Disclaimer: Many points made in this post have been derived from discussions with various parties, but do not represent any individuals or organisations.
Defining clear roles, responsibilities and ways of working is very important. Although my other post has already described the Engine and the Driver, it is interesting to understand what capabilities should remain centralised and what should be decentralised for an organisation to become more effective in their data analytics journey.
Let's start by looking at the essential functions required to facilitate a data-driven organisation.
- Infrastructure - with a few exceptions of highly-regulated sectors, the direction for a data infrastructure has been moving towards the cloud. Thanks to the serverless architecture and container technology, the shift not only reduces the operational complexity but also allows for higher reliability, availability and scalability, which are essential attributes for a data platform.
- Data Pipelines - a robust movement and processing of data from one point to another is required to make it suitable for consumption. A data pipeline can be either a simple ELT/ETL process or a complex orchestration including real-time streaming and modelling. The emergence of streaming engines such as Storm, Flink and Spark also makes real-time analysis easier.
- Reporting and Analysis - the ultimate goals of getting into the data space is to gain additional values. It can be a simple process that turns data into informational summaries or a complex analysis that extracts meaningful insights in a descriptive, a predictive or a prescriptive way. The product of such reporting or analysis can be presented in different ways subject to the usability and functionality requirements.
- Other Functions - security and governance are considered intrinsic functions to the data platform. Access controls and appropriate policies must be in place to safeguard against attacks and unintended usage of sensitive data. Suitable capabilities on monitoring, auditing and billing are also essential depending on the operational requirements of each organisation.
Before considering what capabilities should be decentralised or remain centralised, it is worth to understand what can happen under a different context.
The quadrant above illustrates some products and capabilities given the level of automation and data literacy within the business. Two crazy corners represent extreme cases, sluggish insights (top-left) and over-engineering (bottom-right). When a centralised function is unable to serve the organisation quickly, it is common for the business to establish a Shadow IT or reach out to third-party vendors, which often results in duplicate efforts and expensive tactical solutions. Similarly, without adequate data literacy, a highly automated data platform is just a costly investment that does not give much value.
What should remain centralised?
Regardless of the maturity of an organisation, the main functions that should remain centralised are the infrastructure, security and governance. However, from the stakeholders' perception, it can result in higher overhead and lower productivity, which can be valid under specific scenarios. For example, the function is underbudgeted, and since it is likely to be a cost centre, there is a challenge in justifying for more resources.
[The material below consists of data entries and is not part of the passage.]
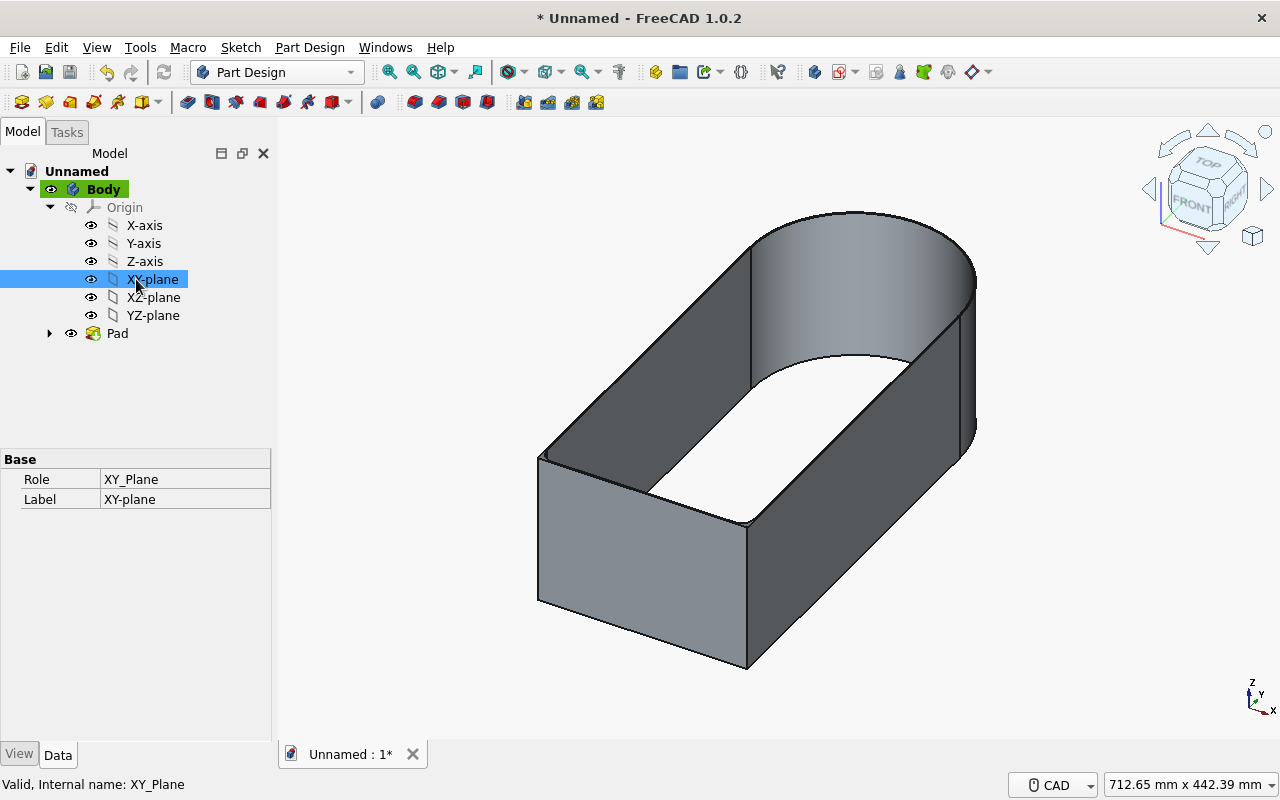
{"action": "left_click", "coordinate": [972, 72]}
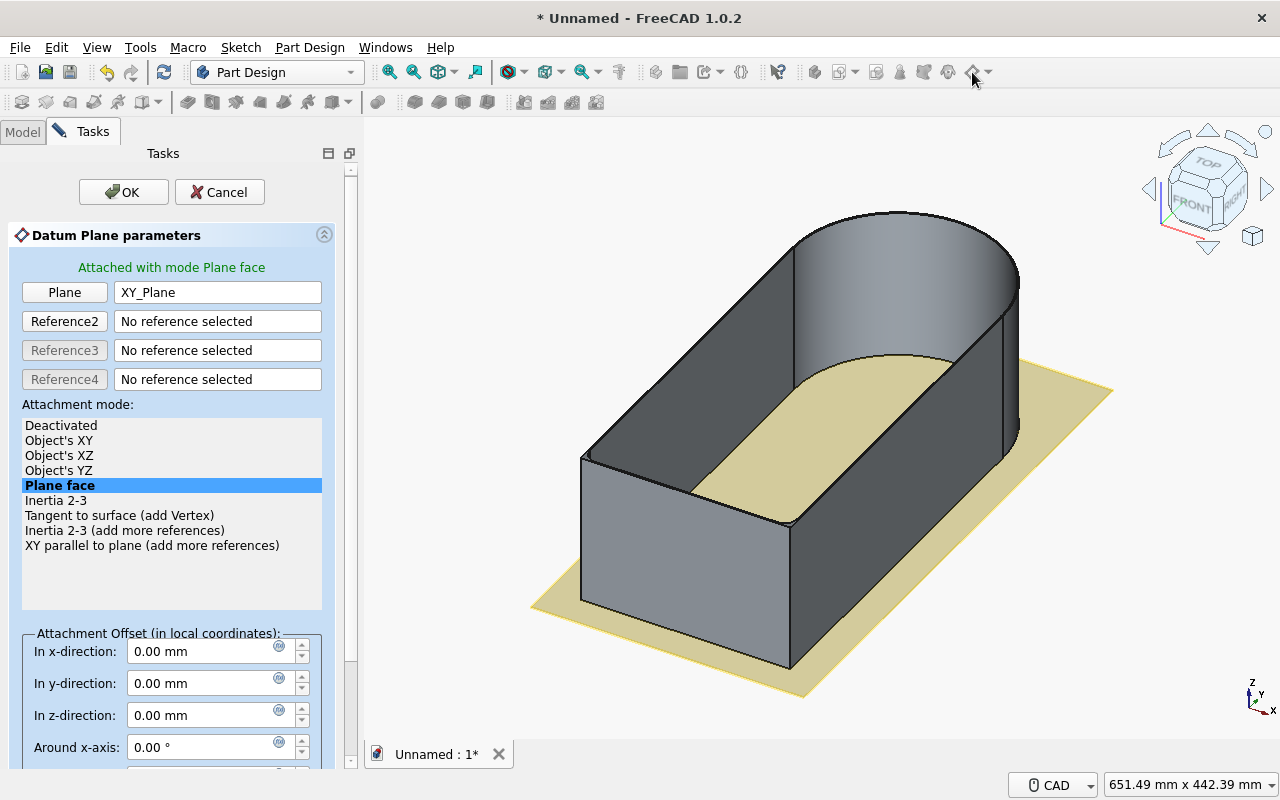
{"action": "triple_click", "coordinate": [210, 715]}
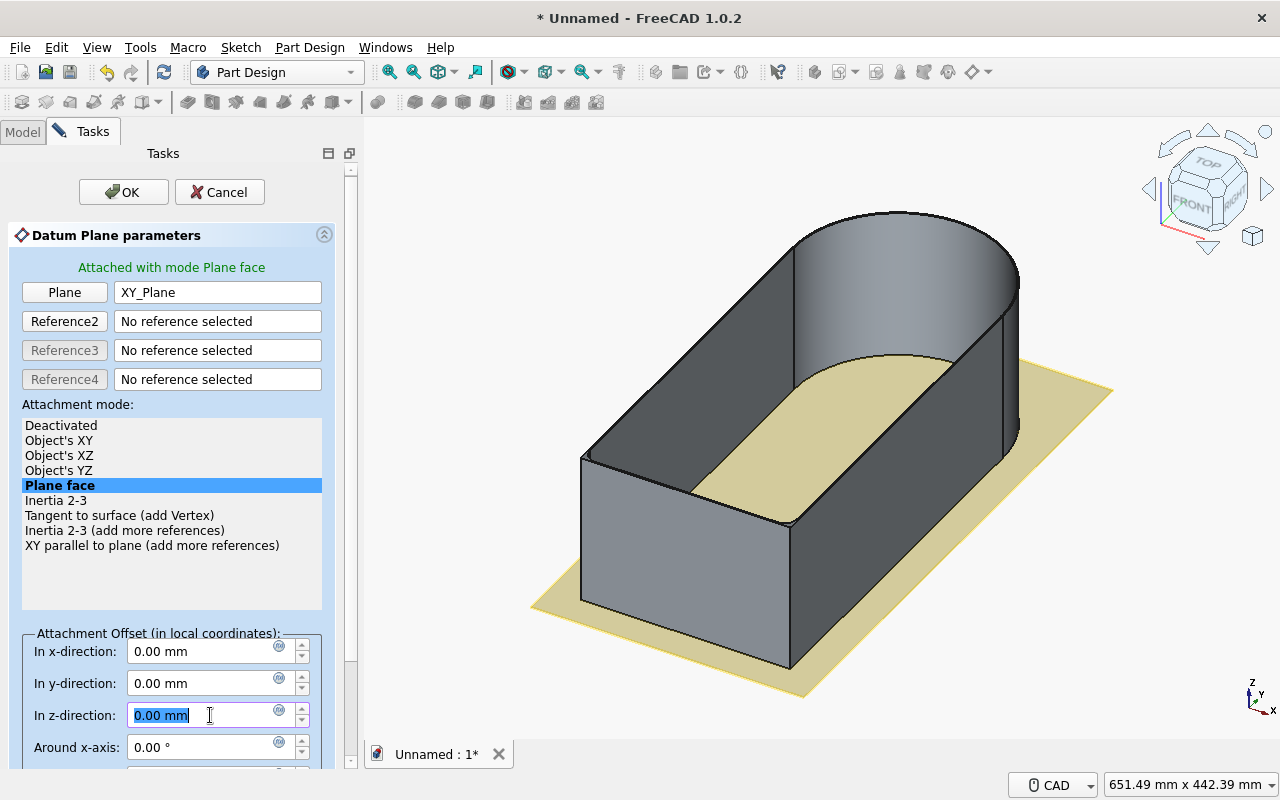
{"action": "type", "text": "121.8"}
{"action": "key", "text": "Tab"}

Another instance is when the task force is governed by a very rigid process or operates based on the "waterfall for everything" principle.
With the right level of automation and process optimisation, the organisation can still be agile. Generally, it is more cost-effective to have a dedicated DataOps team to develop, operate, and maintain the infrastructure/platform. Also, running a cybersecurity team or a governance team does not appear at first to be essential from a non-IT point of view as the impact is not as tangible as that of commercial. However, these functions are parts of the engine that must strictly follow the best practice, relevant policies and regulations. Delegating or ignoring these capabilities is likely to leave the organisation at risk.
A dedicated team often provides a more consistent and robust long-term service as the expertise continues to develop. If in doubt, ask simple questions such as: "Do I need cybersecurity personnel in logistics?" and "Do I want to be responsible for the platform security?". If the business decides to invest in these areas, it is more practical to become a sponsor instead of trying to embed the capabilities within the department.
What can be decentralised?
Reporting and analysis are natural functions that can be performed by individual business based on their domain expertise. However, reports that are useful to the whole organisation can be delegated to a centralised team for automation and optimisation. For example, the team can build meaningful data assets that can be used by all business areas.
Once the data platform becomes more matured with advanced features such as a self-service portal and a data science infrastructure, the business can start to perform data experimentation. Such experimentation enables them to create a better semantic layer that is more relevant to end-users based on existing data sets or data assets. It is the first step required to accelerate the discovery of any additional insights.
With a well-developed governance framework, the analytics teams can start to conduct more data exploration and cross-functional analytics involving data beyond their area. Needless to say, this requires a significant effort and a strong collaboration between departments both technically and politically. Depending on the maturity and the skill set of an individual team, the orchestration of last-mile data pipelines can potentially be decentralised to create a micro data warehouse.
It is worthwhile for the leaders who partake on a data journey to regularly consider what the business would benefit from decentralising the capabilities mentioned above. If the teams can have more agility to demonstrate value while being held accountable, why not?